Javascript 使用nodejs和phantomjs动态抓取

Javascript 使用nodejs和phantomjs动态抓取,javascript,node.js,web-scraping,phantomjs,Javascript,Node.js,Web Scraping,Phantomjs,首先,我已经成功地安装了PhantomJs及其npm接口。我已经将代码设置为使用新语法加载我的页面(这里发布的所有其他问题都基于旧的代码语法,或者我遗漏了一些东西) 现在,右边的边栏,一个在“Comune”附近有假的select,另一个是动态生成的,我不明白为什么phantomjs没有拾取它们。我的代码如下: var sito = "http://bicincitta.tobike.it/"; var sitepage = null; var phInstance = null; var pha

首先,我已经成功地安装了PhantomJs及其npm接口。我已经将代码设置为使用新语法加载我的页面(这里发布的所有其他问题都基于旧的代码语法,或者我遗漏了一些东西)

现在,右边的边栏,一个在“Comune”附近有假的select,另一个是动态生成的,我不明白为什么phantomjs没有拾取它们。我的代码如下:

var sito = "http://bicincitta.tobike.it/";
var sitepage = null;
var phInstance = null;
var phantom = require('phantom')

phantom.create()
    .then((instance) => {
    phInstance = instance;
return instance.createPage();
})
.then((page) => {
    sitepage = page;
return page.open(sito);
})
.then((status) => {
    console.log(status);
return sitepage.property('content');
})
.then((content) => {
    console.log(content);
sitepage.close();
phInstance.exit();
})
.catch((error) => {
    console.log(error);
phInstance.exit();
})
我现在正把头重重地撞在墙上。
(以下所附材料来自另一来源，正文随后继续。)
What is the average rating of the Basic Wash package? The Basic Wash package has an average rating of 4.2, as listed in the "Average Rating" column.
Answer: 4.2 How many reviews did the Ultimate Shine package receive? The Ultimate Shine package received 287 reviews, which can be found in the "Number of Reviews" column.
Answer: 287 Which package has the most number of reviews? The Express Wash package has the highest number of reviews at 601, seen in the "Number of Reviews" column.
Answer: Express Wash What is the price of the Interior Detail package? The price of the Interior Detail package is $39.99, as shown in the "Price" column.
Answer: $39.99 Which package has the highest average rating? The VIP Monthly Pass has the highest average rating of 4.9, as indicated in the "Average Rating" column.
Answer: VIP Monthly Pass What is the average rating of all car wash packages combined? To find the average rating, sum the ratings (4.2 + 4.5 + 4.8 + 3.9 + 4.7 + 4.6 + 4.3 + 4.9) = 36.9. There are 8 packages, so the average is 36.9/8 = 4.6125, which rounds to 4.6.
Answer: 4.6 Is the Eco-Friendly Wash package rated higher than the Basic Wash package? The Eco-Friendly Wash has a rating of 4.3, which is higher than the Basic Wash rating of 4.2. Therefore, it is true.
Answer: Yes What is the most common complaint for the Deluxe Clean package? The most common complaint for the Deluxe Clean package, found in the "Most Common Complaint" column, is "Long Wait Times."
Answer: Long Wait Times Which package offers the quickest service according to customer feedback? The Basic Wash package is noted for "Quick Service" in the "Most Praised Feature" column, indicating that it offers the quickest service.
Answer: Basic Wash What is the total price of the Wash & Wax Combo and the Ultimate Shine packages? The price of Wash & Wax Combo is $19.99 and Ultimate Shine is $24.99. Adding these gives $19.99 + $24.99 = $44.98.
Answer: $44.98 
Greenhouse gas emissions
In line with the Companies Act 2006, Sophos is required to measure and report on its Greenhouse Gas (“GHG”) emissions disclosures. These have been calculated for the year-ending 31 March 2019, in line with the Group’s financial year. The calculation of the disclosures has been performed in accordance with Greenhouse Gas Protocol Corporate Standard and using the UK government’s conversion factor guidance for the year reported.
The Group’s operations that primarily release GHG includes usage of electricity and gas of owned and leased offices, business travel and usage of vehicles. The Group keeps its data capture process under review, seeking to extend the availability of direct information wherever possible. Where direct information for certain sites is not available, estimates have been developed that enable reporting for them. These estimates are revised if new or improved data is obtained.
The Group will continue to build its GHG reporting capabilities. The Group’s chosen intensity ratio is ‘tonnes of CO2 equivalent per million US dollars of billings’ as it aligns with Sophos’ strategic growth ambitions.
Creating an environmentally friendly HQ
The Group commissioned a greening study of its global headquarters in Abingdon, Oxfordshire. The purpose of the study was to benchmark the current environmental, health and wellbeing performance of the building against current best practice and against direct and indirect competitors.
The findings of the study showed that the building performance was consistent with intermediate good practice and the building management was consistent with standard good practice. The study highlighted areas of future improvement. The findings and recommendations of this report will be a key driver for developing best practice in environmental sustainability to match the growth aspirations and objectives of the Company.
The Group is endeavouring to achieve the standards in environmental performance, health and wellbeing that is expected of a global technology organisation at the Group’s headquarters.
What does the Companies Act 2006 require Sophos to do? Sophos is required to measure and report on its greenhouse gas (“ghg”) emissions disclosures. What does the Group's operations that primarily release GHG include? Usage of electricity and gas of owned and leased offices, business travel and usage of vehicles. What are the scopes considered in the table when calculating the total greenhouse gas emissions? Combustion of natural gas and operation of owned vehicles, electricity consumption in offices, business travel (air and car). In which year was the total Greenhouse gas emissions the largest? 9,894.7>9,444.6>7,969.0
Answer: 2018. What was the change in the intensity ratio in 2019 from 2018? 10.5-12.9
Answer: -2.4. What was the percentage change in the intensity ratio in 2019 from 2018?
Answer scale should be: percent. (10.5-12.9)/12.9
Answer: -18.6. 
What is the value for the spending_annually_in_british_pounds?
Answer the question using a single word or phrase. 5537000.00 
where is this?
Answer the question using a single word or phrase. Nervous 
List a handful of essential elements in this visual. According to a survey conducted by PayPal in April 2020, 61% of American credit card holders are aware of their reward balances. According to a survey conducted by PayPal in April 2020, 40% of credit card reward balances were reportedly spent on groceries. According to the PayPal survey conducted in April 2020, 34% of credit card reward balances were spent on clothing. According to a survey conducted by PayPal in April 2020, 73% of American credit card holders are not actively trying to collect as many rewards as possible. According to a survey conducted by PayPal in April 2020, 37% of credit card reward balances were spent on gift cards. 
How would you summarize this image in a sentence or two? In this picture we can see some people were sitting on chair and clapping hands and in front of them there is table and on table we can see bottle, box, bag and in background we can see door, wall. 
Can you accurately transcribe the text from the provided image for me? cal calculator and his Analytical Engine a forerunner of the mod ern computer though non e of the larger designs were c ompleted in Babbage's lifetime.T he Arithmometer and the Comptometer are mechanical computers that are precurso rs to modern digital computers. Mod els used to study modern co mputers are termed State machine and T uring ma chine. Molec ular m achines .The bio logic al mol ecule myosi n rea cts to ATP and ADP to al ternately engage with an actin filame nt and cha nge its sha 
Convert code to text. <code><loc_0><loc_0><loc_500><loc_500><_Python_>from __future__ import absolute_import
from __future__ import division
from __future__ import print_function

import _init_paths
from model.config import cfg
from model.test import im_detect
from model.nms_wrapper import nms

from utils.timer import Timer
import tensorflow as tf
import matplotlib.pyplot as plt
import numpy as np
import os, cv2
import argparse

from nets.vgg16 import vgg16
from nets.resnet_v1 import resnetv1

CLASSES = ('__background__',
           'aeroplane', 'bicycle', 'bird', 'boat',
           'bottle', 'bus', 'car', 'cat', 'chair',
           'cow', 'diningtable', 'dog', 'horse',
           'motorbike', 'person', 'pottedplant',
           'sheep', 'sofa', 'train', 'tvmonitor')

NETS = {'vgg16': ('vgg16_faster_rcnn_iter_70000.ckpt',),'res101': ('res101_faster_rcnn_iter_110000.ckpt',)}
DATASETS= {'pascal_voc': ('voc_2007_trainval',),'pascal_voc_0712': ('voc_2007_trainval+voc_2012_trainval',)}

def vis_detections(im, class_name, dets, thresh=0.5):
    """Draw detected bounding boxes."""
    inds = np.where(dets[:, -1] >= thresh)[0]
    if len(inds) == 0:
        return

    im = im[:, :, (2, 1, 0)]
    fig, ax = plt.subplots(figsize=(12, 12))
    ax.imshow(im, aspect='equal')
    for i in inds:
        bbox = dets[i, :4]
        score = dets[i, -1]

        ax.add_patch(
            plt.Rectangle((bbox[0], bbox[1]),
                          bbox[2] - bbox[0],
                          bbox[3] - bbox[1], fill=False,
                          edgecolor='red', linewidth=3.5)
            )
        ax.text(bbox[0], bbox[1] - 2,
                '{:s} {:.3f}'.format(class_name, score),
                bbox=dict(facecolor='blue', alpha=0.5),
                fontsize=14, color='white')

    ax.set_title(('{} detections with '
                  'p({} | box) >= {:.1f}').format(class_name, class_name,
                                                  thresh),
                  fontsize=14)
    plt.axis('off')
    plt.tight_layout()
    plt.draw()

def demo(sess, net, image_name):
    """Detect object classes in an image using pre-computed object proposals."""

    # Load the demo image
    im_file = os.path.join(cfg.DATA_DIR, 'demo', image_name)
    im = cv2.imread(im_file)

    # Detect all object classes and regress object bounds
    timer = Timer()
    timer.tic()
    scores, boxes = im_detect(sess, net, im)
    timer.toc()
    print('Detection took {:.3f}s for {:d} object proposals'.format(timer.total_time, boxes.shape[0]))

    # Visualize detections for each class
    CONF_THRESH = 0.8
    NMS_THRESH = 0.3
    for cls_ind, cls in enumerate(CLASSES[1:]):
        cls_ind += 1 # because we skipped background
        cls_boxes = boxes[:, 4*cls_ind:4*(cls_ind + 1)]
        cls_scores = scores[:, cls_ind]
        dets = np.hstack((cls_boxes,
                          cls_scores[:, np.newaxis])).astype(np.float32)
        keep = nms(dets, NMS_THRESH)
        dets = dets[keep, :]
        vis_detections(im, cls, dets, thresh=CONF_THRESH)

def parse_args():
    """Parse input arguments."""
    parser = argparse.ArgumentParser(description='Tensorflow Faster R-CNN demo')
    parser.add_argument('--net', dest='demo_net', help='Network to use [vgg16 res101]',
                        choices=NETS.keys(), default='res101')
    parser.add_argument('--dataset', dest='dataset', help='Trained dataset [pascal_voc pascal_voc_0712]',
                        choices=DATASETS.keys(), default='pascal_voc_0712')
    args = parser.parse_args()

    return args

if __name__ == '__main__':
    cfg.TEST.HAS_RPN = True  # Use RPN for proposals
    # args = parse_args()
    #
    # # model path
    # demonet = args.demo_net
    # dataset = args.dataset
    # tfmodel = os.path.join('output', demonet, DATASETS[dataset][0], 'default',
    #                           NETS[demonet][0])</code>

我是否应该以某种方式获取站点的脚本并执行它们?我是否错过了一个指令


另外,在旁注上;如果页面的范围在第二个“.then.”内,我还不清楚如何将其他方法连接到页面。然后,“

在过去的一周里,我一直在与PhantomJS合作,试图让它用角度渲染的数据对页面进行快照。我发现最简单的方法是对任何本地脚本使用
page.injectJs('../script.js')
,以及
page.includeJs('../script.js')http://jquery.com...)
用于任何外部脚本。因为Phantom是沙盒,所以它不会在它捕获的页面上执行javascript,除非您给它JS来执行。这将允许您截屏一个页面,该页面包含用javascript呈现的数据。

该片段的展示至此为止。